White Wilderness, a nature documentary directed by Robert Redford and produced by Walt Disney Productions in 1958, won an Academy Award for its outstanding cinematography but was also criticized for perpetuating the idea of lemming suicide.
Winston Hibler narrates the film, which James Algar directed. Three years were spent filming it on location in Canada and Alaska. They gave it the Oscar for best documentary feature.
There’s a scenario in White Wilderness where lemmings purportedly make a mass migration and then all jump off a cliff into the Arctic Ocean. Word on the street has it that this is shown as a deliberate act of suicide by the lemmings in the Disney picture.
The film’s narrator explains that the lemmings aren’t killing themselves because they’re migrating; rather, they’re trying to cross a body of water. A wide body of water can be fatal if they try to cross it.
The Lemmings Wouldn’t Have Committed Mass Suicide Because Disney Pushed Them Off a Cliff, Though.

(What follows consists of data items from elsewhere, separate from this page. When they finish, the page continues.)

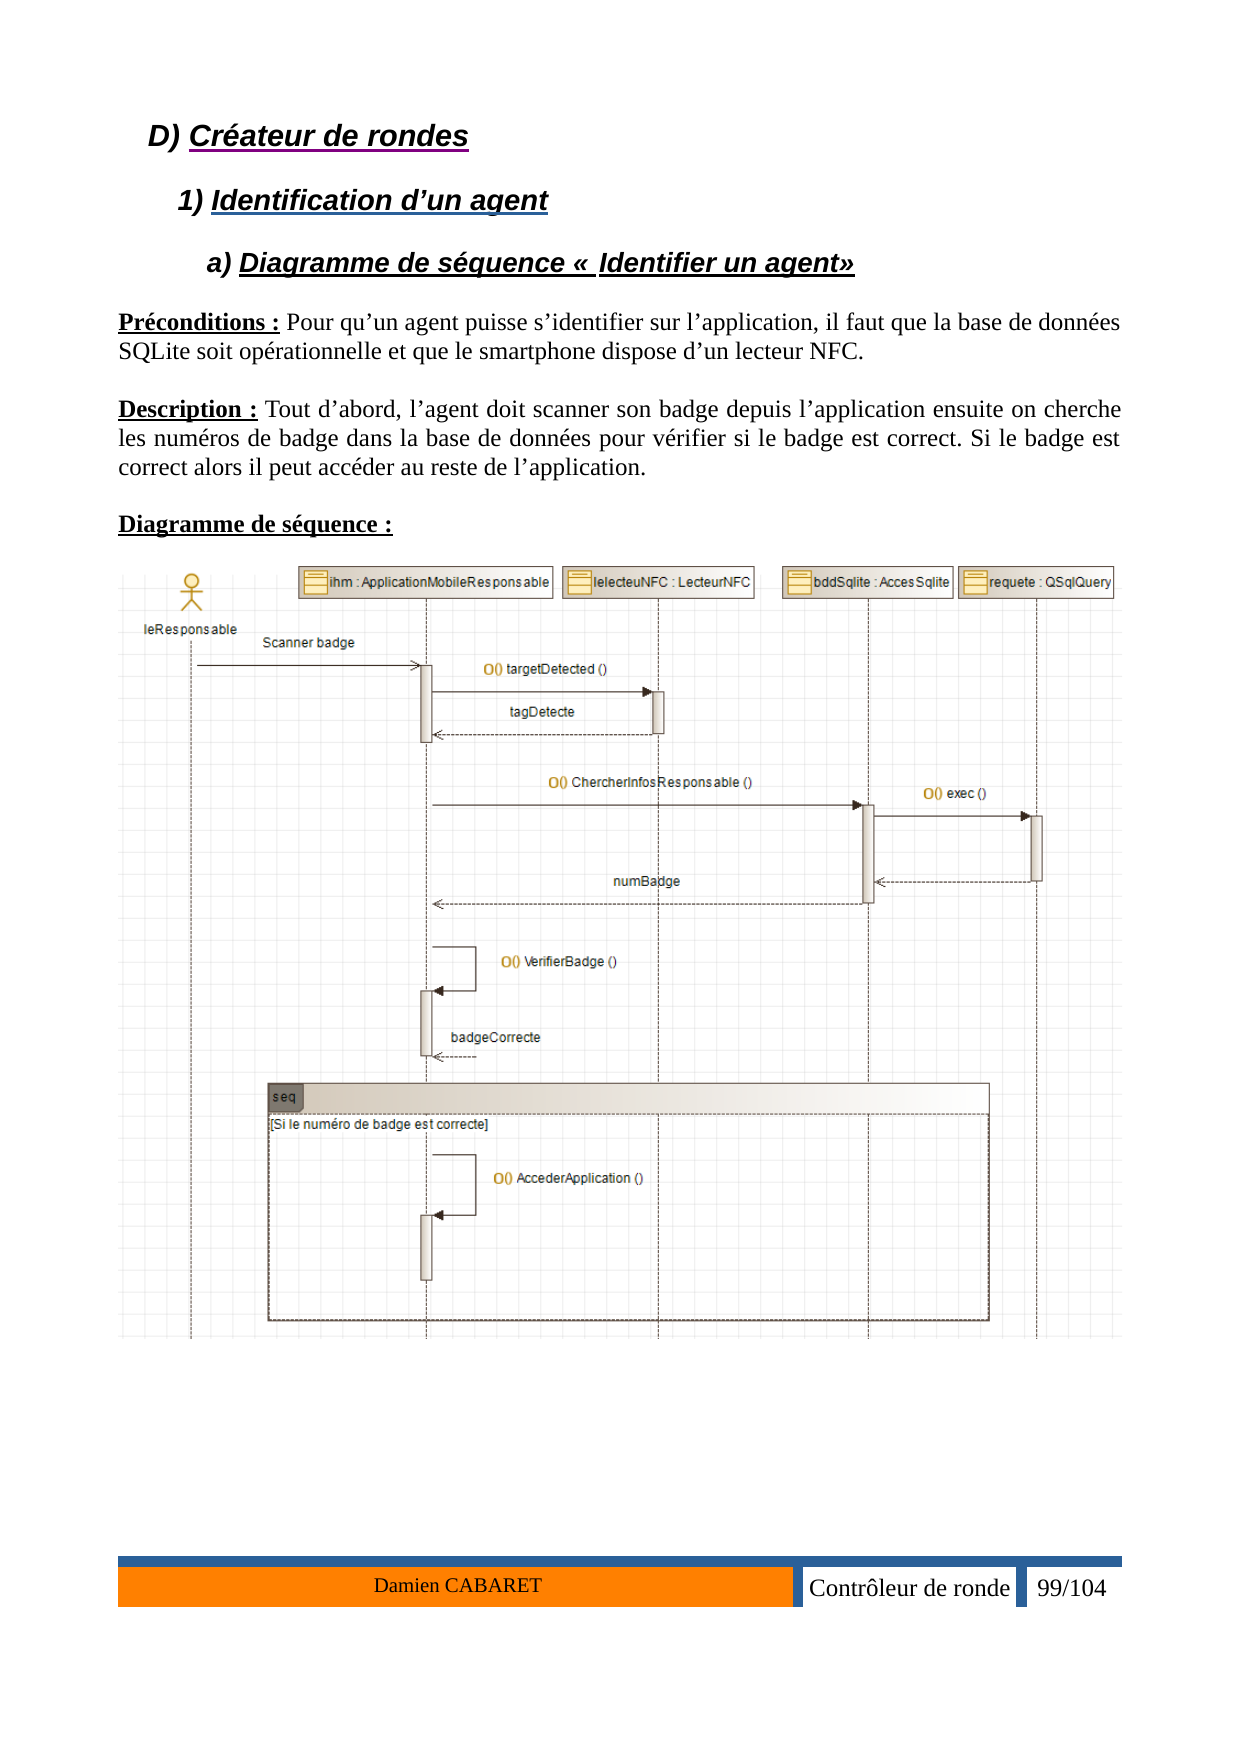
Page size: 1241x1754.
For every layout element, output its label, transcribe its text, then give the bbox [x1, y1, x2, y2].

subtitle Identification d’un agent [118, 183, 1122, 216]
subtitle Diagramme de séquence « Identifier un agent» [118, 246, 1122, 278]
subtitle Créateur de rondes [118, 118, 1122, 153]
text Description : Tout d’abord, l’agent doit scanner son badge depuis l’application ensuite on cherche les numéros de badge dans la base de données pour vérifier si le badge est correct. Si le badge est correct alors il peut accéder au reste de l’application. [118, 394, 1122, 481]
picture [118, 566, 1123, 1339]
text Diagramme de séquence : [118, 509, 1122, 538]
text Préconditions : Pour qu’un agent puisse s’identifier sur l’application, il faut que la base de données SQLite soit opérationnelle et que le smartphone dispose d’un lecteur NFC. [118, 307, 1122, 365]
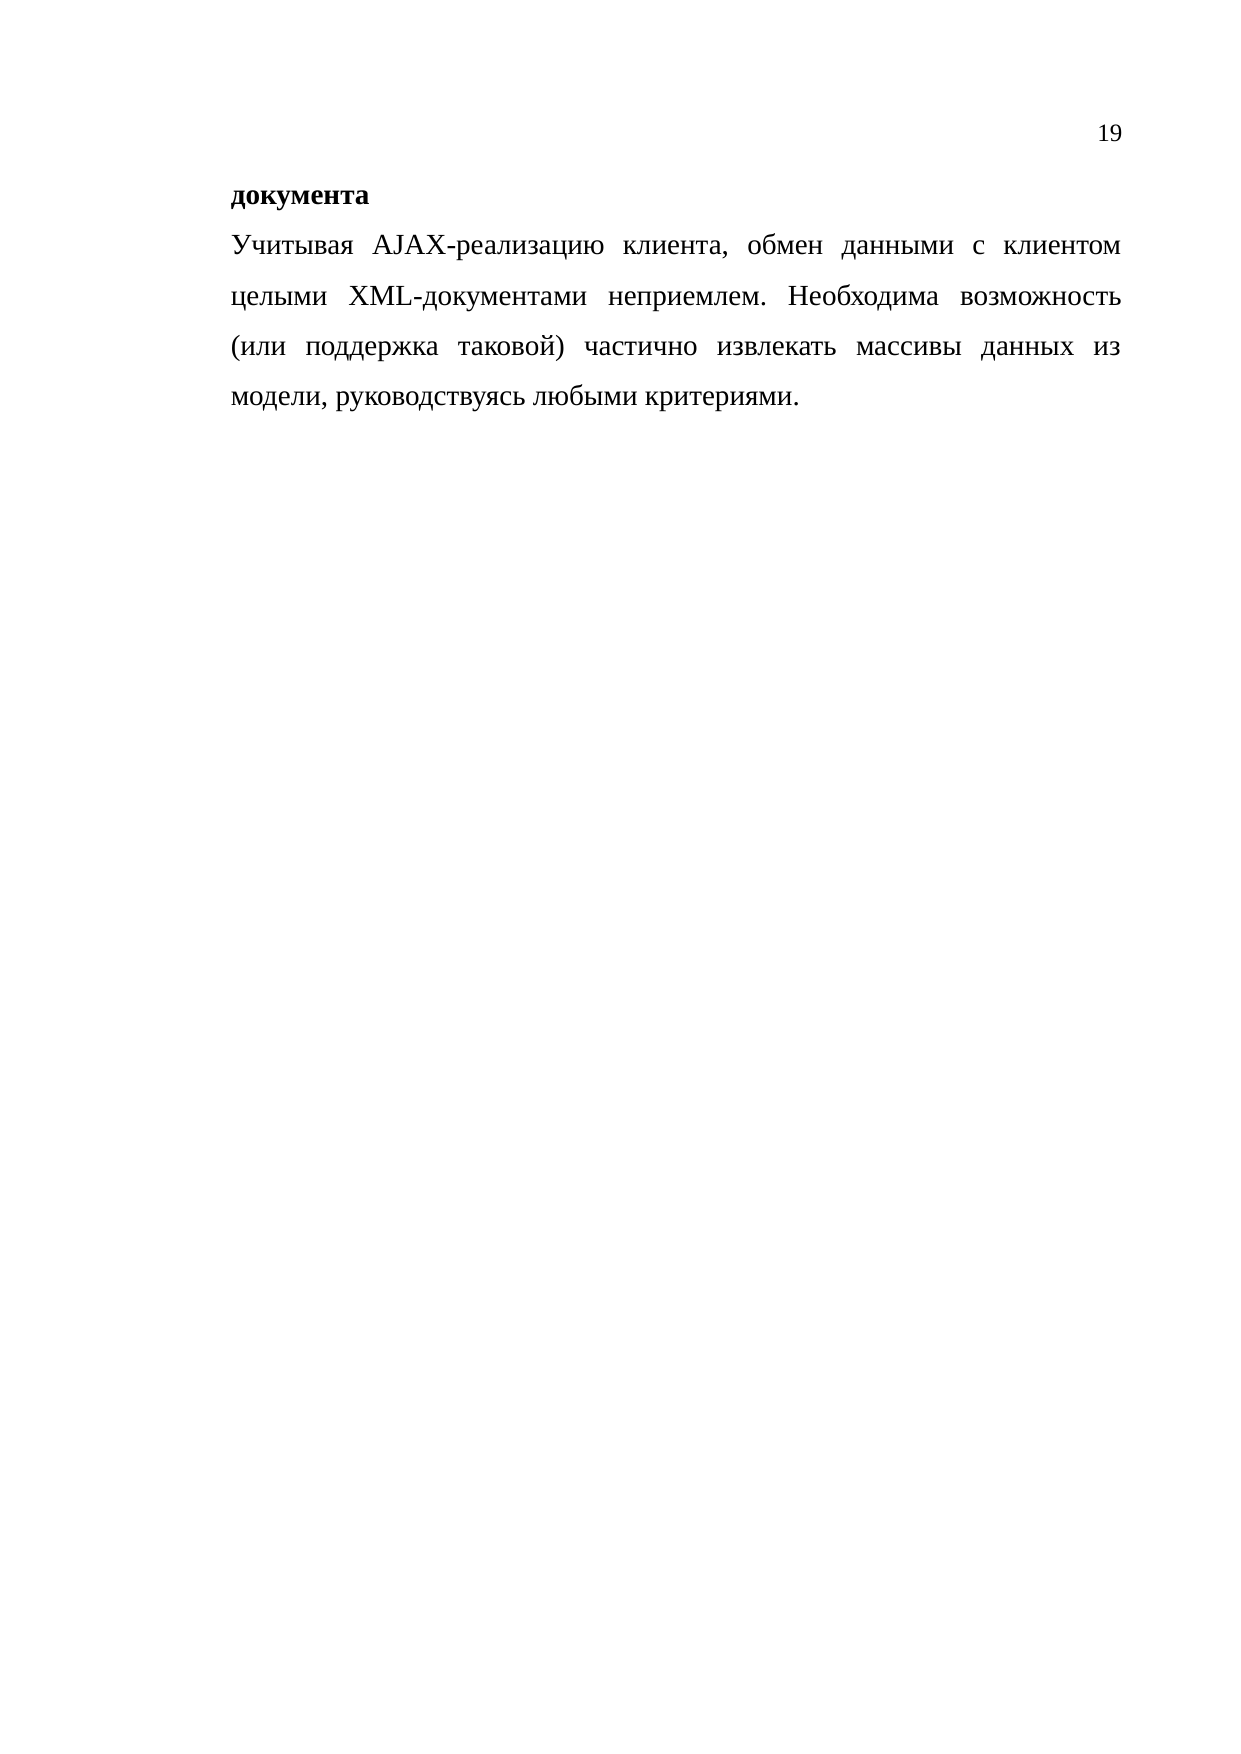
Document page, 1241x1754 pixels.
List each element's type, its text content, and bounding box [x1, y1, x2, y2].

list документа [193, 177, 1122, 211]
list Учитывая AJAX-реализацию клиента, обмен данными с клиентом целыми XML-документами неприемлем. Необходима возможность (или поддержка таковой) частично извлекать массивы данных из модели, руководствуясь любыми критериями. [193, 227, 1122, 412]
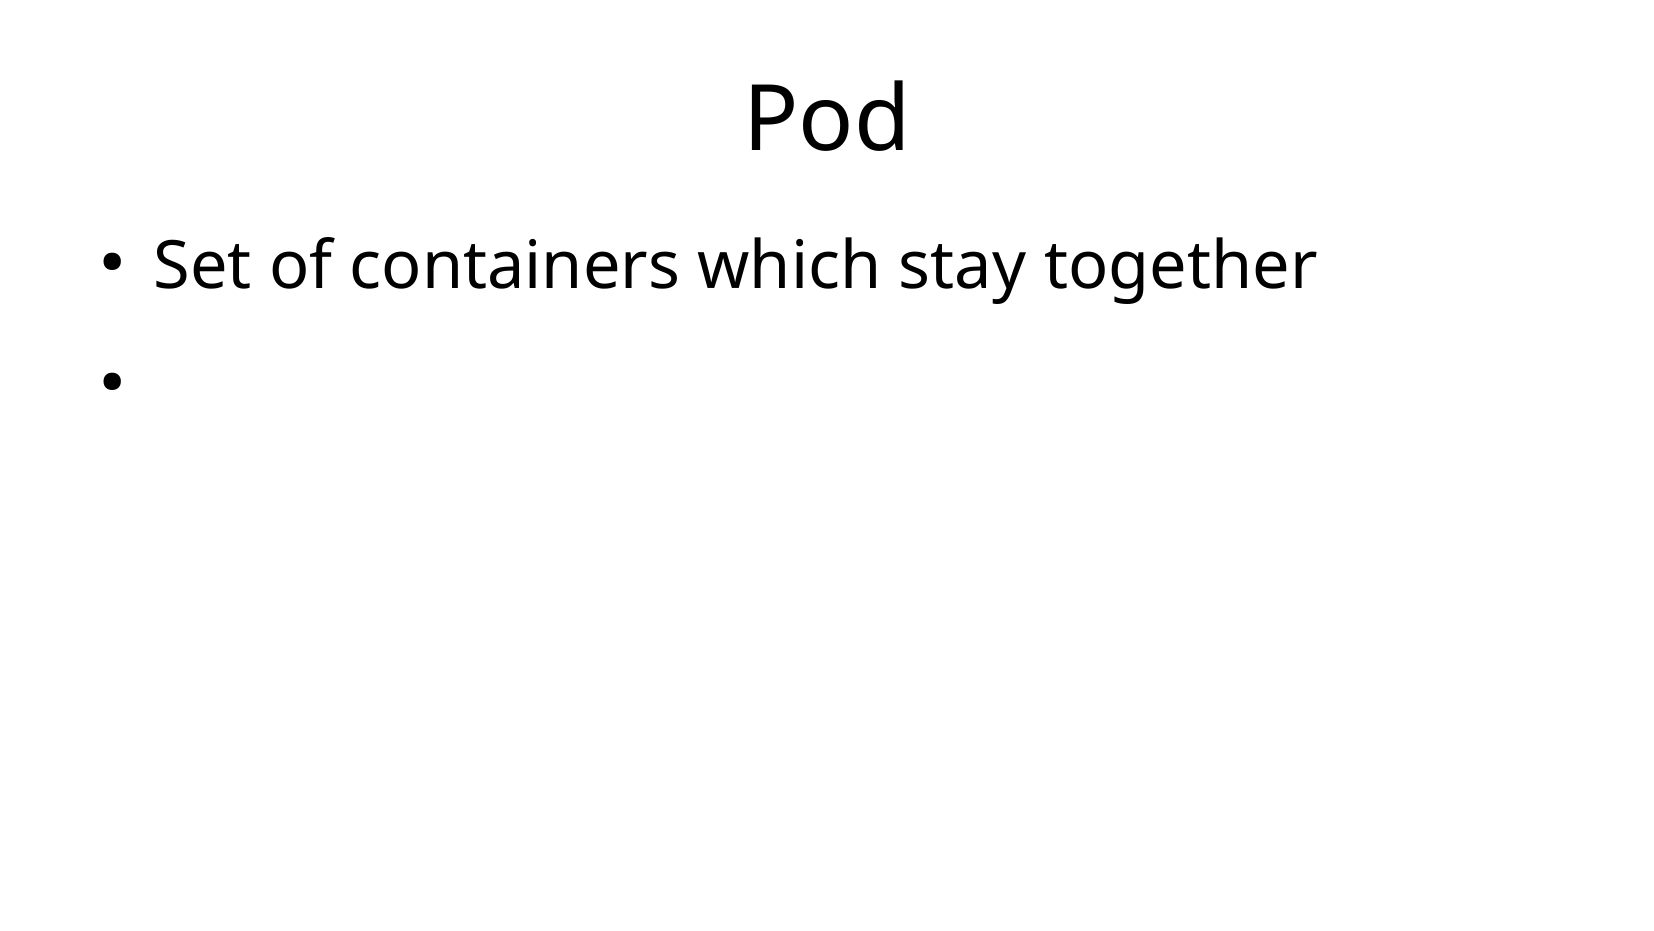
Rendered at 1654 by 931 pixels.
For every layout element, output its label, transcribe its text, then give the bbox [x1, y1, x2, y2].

list Set of containers which stay together [82, 217, 1571, 758]
title Pod [82, 37, 1571, 193]

The host Bob McKeown, discovered that the lemming sequence was really filmed on the Bow River in downtown Calgary and not in the Arctic Ocean as the film had said. He learned that the lemmings weren’t just forced into the river by the film crew’s spinning platform, but that they jumped in on their own own. Another specialist on lemmings he spoke with denied that the species depicted in the video ever migrated or engaged in mass suicide. He also found out that the video purported to show a polar bear cub sliding down an icy hill in the Arctic was really shot in a Calgary studio.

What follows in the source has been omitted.